What you have to do: Return the listing below exactly as it stands. Pictures stay out.

Given material:
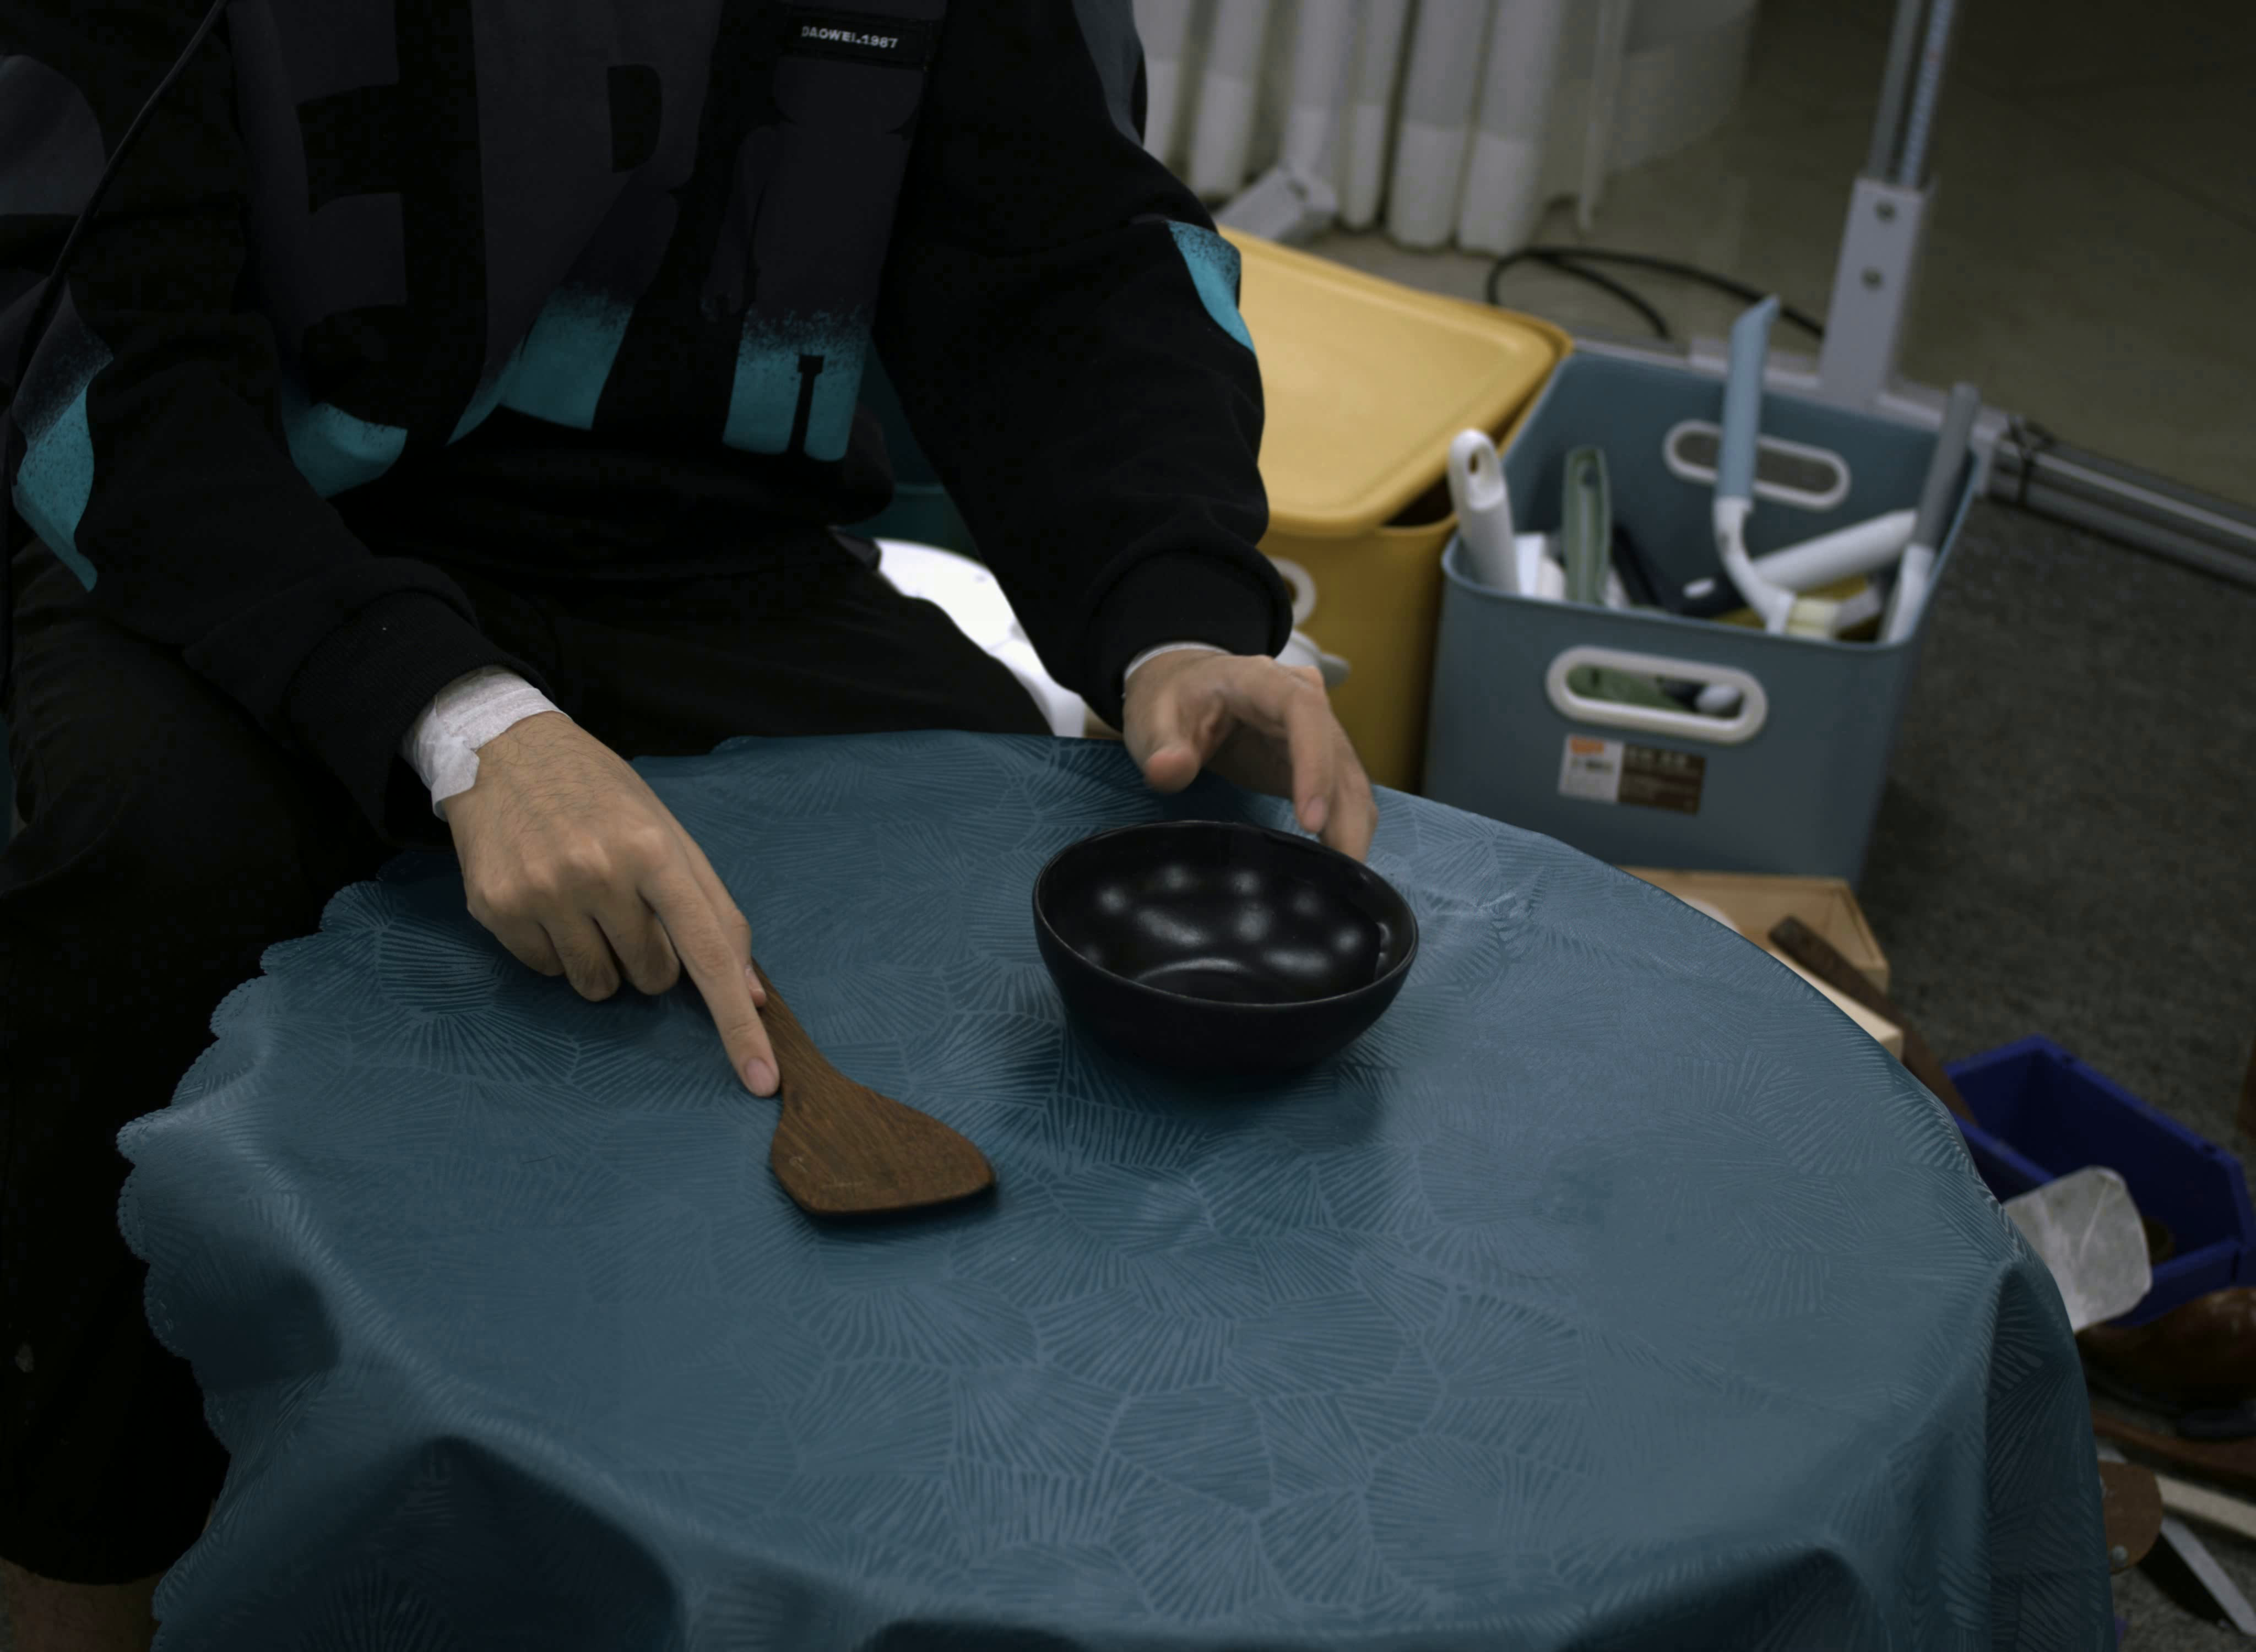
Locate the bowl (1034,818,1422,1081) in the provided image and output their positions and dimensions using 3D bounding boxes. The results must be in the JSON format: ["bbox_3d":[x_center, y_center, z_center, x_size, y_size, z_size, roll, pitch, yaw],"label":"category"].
[{"bbox_3d":[0.034,0.052,1.896,0.139,0.049,0.141,3,29,-2],"label":"bowl"}]

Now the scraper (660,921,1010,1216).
[{"bbox_3d":[-0.114,0.083,1.846,0.075,0.011,0.213,-6,29,-26],"label":"scraper"}]

Result:
Locate the bowl (1034,818,1422,1081) in the provided image and output their positions and dimensions using 3D bounding boxes. The results must be in the JSON format: ["bbox_3d":[x_center, y_center, z_center, x_size, y_size, z_size, roll, pitch, yaw],"label":"category"].
[{"bbox_3d":[0.034,0.052,1.896,0.139,0.049,0.141,3,29,-2],"label":"bowl"}]

Now the scraper (660,921,1010,1216).
[{"bbox_3d":[-0.114,0.083,1.846,0.075,0.011,0.213,-6,29,-26],"label":"scraper"}]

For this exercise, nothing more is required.